Editor’s Note: AED’s View from the Hill column gives leading members of Congress the opportunity to speak directly to equipment distributors without the usual media filters. Rep. John Kline, this month’s guest columnist, is the senior Republican member of the House Education & Labor Committee. He was also a featured speaker at this year’s AED Government Affairs Conference.
It’s déjà vu all over again in Washington. As men and women across the country struggle to hold their ground in the midst of challenging economic times, government is making matters worse by imposing punitive regulations that stifle growth and thwart innovation. If we are to get our economy moving in the right direction, we must set policies that recognize the changing face of our American job market and give every American worker the tools they need to succeed. I’m pleased to have this opportunity to let AED’s members know what I’m doing to achieve those goals.

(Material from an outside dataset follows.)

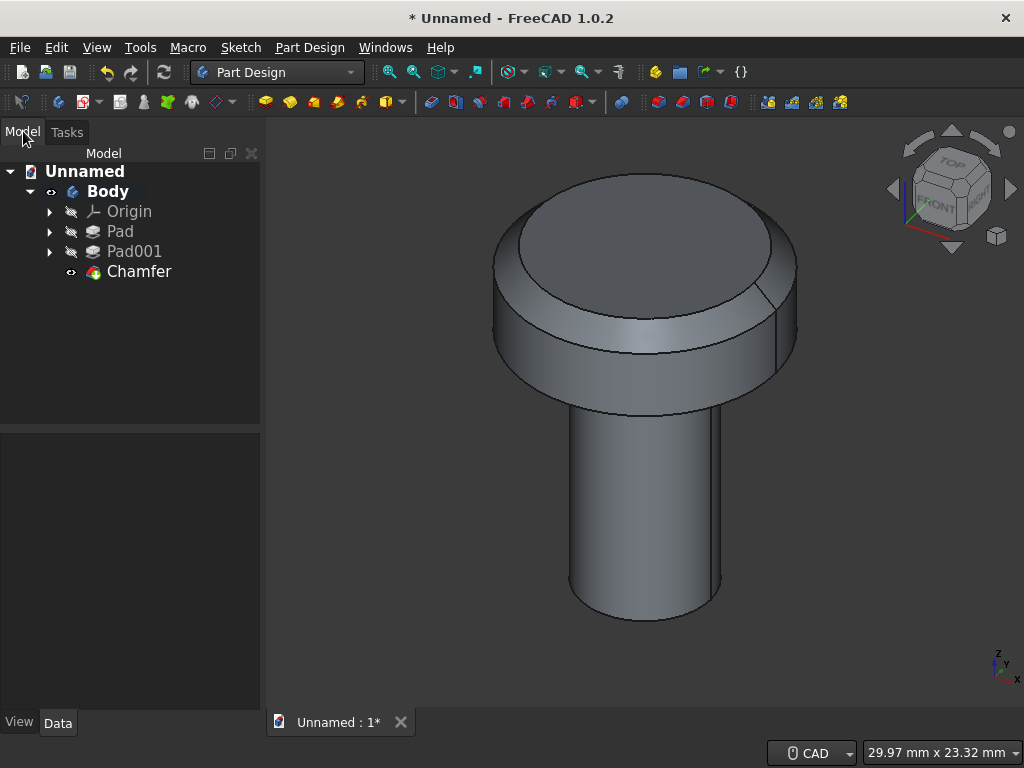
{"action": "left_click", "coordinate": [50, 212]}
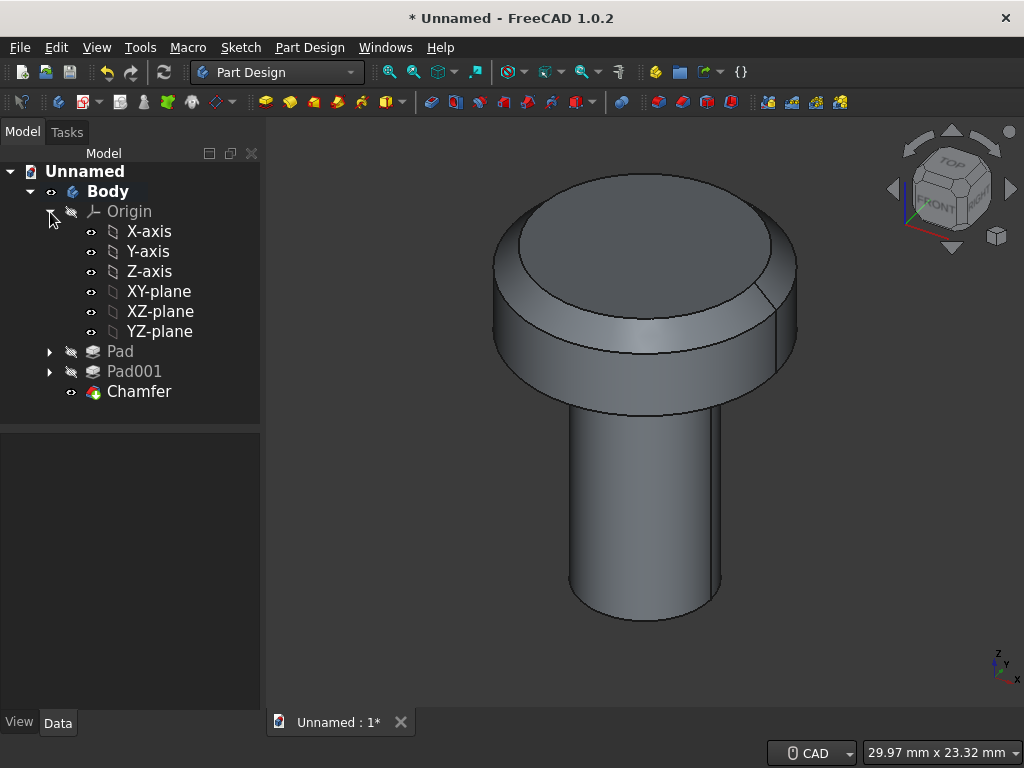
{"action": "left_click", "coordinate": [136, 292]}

One of the gravest threats to America’s job-creating future is the antiworker card check plan. This legislation – deceptively named the Employee Free Choice Act (EFCA) – would deny workers the right to a secret ballot election in forming a union, and would empower government bureaucrats, rather than workers and their employers, to dictate wages, benefits, and work rules. I appreciate all the work that AED and its members have done to educate my colleagues about the problems with EFCA.

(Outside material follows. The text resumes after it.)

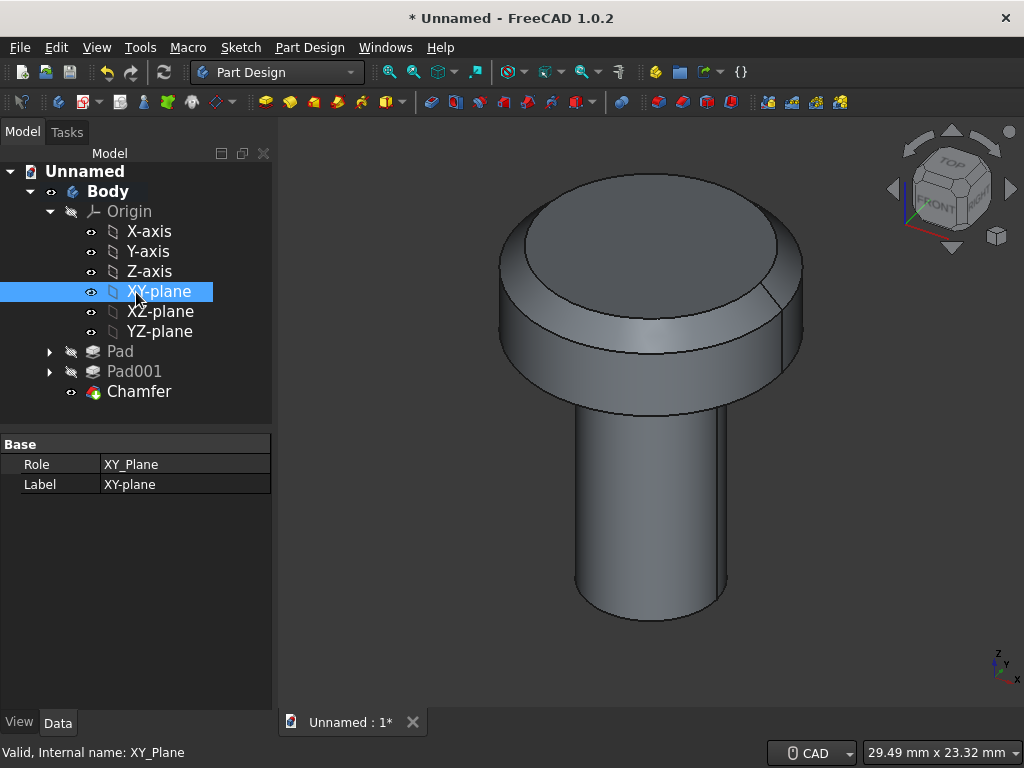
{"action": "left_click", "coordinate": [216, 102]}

Unfortunately, card check is not the only lurking economic threat. If we are to get our economy moving in the right direction, we must set policies that recognize the changing face of our American job market and give every worker tools to succeed.
As readers of this magazine know, the U.S. economy – and our manufacturing industry in particular – is changing. To continue to thrive in an increasingly competitive global market, we must ensure our workers have access to the training and education opportunities they need. All Americans – whether they are just entering the job market or have been in the workforce for years – must be able to adapt to a greener, more technologically advanced workplace.
Legislation passed by the previous Congress established an energy efficiency and renewable energy worker training program through a provision known as the Green Jobs Act. While I commend the goal of making such training opportunities available, I objected to the limited scope of this proposal – which effectively ignores 86 percent of the private sector construction workforce. By only providing funding to entities that partner with labor organizations, this program misses the mark.
To remedy this inequity, I’ve introduced the Green Jobs Improvement Act, which would expand green training programs to all private and public sector workers. My legislation would remove the mandate that eligible entities “partner with labor organizations,” thereby expanding access to merit shop training programs – in addition to labor organizations. As a result, local communities would have the freedom to decide for themselves whether a direct link to organized labor is a necessary component of a successful partnership. Unfortunately, the Democrat majority in Congress is standing firm, refusing to expand these progrowth programs to the vast majority of the workforce.
My bill would not undercut green job training, nor does it in any way prevent unions from being fully involved in these programs. It simply strives to create a more open, inclusive, and accessible green job training system that will enable all Americans to help rebuild our economy together.
It seems counterproductive to deny any American worker an opportunity to adapt to a changing marketplace. Government should not be in the business of choosing winners and losers in the U.S. workforce. With that logic in mind, I took the opportunity to again raise the issue by offering an amendment to the cap-and-trade bill passed by the House at the end of June, which reauthorized an increased funding for the Green Jobs Act. Beyond all logic, but perhaps not surprisingly, the amendment was rejected.
Despite these early setbacks, I remain committed to providing equal access to training opportunities for all workers. As the recently elected Senior Republican of the House Education and Labor Committee, I will continue to support the right of all American workers to prepare themselves for the jobs of today and tomorrow. I welcome the support of AED and its members in that effort.